___ Supplied information

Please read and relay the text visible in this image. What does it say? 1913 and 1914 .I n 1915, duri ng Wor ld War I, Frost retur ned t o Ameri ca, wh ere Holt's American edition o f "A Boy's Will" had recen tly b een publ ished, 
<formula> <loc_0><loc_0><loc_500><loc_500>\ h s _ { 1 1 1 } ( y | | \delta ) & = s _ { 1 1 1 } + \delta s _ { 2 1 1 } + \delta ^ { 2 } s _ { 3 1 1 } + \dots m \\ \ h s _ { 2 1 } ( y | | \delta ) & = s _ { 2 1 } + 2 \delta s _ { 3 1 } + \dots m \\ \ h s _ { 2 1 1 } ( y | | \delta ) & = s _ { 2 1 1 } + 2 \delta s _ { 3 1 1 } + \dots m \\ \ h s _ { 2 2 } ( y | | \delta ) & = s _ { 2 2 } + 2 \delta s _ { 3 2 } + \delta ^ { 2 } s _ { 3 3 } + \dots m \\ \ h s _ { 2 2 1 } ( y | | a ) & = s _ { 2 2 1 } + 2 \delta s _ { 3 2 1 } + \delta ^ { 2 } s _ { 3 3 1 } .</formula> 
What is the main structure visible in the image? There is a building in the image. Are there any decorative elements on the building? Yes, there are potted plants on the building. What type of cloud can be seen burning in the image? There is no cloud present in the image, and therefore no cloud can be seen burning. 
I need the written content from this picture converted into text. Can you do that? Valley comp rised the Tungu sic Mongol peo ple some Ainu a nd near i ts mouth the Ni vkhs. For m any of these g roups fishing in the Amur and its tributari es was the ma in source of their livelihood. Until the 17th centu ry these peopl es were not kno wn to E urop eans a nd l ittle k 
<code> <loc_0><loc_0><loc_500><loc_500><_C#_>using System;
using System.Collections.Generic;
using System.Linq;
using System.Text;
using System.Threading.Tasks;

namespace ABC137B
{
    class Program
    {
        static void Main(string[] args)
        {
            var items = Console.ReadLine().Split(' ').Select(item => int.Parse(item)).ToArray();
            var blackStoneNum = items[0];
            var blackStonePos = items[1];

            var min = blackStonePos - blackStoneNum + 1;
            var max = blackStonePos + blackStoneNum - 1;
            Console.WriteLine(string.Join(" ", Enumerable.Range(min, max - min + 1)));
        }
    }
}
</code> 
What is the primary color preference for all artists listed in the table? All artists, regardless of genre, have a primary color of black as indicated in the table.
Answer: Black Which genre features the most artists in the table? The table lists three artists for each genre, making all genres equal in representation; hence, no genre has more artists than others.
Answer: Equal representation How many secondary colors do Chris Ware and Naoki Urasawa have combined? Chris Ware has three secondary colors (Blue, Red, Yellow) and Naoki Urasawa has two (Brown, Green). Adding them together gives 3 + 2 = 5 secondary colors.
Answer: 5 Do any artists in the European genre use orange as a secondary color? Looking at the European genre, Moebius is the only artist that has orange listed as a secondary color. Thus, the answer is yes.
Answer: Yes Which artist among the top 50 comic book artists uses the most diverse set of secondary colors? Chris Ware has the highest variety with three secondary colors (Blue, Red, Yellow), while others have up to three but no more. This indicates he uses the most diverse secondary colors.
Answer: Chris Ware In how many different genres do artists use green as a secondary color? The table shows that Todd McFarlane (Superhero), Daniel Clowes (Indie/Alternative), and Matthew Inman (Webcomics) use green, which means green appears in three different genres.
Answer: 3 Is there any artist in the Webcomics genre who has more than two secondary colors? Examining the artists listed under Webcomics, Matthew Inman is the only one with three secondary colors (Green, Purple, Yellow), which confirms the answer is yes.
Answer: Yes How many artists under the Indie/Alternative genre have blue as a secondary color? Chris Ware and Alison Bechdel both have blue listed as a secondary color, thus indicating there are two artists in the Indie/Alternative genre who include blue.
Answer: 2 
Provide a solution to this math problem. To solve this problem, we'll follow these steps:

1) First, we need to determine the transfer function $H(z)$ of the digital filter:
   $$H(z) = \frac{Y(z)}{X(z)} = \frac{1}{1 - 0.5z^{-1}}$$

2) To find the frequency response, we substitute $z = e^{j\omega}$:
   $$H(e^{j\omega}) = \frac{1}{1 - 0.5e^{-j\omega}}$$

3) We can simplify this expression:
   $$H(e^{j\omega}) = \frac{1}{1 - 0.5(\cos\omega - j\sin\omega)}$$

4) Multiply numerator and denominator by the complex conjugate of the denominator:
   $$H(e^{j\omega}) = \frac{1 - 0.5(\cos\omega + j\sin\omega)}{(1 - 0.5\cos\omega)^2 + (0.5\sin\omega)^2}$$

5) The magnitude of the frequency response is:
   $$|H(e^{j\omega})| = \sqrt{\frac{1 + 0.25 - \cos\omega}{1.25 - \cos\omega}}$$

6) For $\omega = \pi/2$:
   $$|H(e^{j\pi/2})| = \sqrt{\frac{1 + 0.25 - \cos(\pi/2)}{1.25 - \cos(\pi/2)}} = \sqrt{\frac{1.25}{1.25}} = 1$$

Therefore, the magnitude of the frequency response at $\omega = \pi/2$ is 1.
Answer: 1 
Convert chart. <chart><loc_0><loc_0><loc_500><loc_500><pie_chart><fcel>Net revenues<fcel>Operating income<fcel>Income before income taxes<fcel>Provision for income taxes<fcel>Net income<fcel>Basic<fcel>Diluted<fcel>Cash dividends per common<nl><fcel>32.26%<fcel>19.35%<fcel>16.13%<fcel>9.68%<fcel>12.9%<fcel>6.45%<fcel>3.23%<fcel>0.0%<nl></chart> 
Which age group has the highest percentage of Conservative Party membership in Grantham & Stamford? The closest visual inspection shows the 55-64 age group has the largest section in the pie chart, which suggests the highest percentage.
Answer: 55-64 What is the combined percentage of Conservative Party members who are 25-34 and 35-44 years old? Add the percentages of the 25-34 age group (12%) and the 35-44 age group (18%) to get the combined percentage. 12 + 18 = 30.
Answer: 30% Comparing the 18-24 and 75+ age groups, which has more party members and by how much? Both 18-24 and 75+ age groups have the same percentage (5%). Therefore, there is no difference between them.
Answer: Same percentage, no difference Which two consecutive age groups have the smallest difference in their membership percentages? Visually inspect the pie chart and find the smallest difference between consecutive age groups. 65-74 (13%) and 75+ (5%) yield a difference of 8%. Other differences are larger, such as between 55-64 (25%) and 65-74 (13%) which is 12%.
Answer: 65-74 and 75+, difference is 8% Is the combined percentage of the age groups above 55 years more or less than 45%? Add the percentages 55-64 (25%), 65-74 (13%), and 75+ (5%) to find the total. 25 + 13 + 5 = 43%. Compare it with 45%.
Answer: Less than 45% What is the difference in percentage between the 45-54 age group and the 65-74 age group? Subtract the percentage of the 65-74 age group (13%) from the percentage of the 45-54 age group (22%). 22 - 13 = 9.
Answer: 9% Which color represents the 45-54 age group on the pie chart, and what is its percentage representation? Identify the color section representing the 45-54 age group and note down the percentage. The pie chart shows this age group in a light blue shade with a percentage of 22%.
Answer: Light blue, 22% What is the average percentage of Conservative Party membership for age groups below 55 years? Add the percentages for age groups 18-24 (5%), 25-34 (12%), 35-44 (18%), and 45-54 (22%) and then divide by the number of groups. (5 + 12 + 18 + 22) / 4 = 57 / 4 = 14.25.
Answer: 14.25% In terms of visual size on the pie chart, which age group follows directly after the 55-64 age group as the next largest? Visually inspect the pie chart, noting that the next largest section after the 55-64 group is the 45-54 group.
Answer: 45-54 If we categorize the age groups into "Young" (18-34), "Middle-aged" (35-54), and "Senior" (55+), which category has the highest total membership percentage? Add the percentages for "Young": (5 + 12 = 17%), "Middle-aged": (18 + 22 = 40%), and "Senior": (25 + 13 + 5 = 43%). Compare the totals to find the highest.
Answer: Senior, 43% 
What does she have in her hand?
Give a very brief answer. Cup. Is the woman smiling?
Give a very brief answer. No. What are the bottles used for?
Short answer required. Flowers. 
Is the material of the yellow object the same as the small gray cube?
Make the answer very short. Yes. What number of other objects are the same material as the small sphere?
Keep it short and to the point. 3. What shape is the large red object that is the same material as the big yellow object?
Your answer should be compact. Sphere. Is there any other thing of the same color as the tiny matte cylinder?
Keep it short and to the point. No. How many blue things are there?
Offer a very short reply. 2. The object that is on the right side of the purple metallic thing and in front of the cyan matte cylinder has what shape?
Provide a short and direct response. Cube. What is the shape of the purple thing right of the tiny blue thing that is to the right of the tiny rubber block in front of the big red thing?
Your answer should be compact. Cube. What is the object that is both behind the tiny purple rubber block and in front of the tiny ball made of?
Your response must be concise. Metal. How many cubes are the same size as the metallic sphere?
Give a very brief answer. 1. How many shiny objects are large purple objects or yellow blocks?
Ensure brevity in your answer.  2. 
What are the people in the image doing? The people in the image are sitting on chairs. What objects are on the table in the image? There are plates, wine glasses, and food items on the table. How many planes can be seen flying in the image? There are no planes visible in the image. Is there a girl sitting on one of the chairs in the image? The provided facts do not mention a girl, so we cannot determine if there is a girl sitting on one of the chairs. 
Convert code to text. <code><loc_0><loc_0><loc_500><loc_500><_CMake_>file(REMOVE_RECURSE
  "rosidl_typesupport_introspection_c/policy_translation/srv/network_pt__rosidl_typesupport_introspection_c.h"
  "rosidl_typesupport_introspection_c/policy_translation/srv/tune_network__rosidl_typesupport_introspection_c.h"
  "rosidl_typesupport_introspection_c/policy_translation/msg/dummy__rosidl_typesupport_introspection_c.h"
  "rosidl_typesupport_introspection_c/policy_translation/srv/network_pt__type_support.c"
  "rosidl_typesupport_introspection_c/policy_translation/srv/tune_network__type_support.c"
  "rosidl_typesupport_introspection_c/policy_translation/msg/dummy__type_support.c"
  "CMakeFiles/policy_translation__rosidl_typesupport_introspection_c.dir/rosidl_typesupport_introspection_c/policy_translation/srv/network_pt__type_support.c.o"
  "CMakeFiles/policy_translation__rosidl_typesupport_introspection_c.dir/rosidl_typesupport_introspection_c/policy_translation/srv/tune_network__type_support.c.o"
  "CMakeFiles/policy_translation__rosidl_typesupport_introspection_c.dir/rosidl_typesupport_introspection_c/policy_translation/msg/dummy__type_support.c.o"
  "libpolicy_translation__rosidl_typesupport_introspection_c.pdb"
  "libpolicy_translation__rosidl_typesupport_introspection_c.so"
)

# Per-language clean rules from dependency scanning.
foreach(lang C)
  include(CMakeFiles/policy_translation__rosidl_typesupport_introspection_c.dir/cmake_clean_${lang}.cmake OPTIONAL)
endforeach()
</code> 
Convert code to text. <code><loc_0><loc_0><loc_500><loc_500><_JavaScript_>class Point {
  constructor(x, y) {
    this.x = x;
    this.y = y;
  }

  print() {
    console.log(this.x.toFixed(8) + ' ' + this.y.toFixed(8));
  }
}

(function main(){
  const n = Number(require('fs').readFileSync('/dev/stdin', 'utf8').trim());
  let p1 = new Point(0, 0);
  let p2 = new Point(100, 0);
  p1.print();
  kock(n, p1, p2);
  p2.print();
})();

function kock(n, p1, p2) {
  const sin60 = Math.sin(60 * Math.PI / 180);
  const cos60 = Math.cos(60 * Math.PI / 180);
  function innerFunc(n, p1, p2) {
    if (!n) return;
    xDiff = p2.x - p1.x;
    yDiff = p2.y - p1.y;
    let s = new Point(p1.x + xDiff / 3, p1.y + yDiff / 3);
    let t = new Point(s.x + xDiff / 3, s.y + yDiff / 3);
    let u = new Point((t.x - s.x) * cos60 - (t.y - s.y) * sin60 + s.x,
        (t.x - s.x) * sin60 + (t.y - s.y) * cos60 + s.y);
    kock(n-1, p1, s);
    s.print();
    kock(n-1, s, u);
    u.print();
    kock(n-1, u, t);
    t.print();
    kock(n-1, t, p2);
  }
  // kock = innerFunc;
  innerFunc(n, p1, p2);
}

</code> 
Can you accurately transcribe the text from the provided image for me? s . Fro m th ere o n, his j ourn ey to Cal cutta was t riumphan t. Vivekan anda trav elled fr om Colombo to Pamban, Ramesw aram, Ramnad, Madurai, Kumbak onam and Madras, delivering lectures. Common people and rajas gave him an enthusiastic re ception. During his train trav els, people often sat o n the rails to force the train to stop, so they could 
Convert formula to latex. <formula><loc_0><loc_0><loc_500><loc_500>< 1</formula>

______

*Problem requirements*:
For the word "Senior", go through the records and show each line that carries it.

*Exercise solution*:
Answer: 45-54 If we categorize the age groups into "Young" (18-34), "Middle-aged" (35-54), and "Senior" (55+), which category has the highest total membership percentage? Add the percentages for "Young": (5 + 12 = 17%), "Middle-aged": (18 + 22 = 40%), and "Senior": (25 + 13 + 5 = 43%). Compare the totals to find the highest.
Answer: Senior, 43% 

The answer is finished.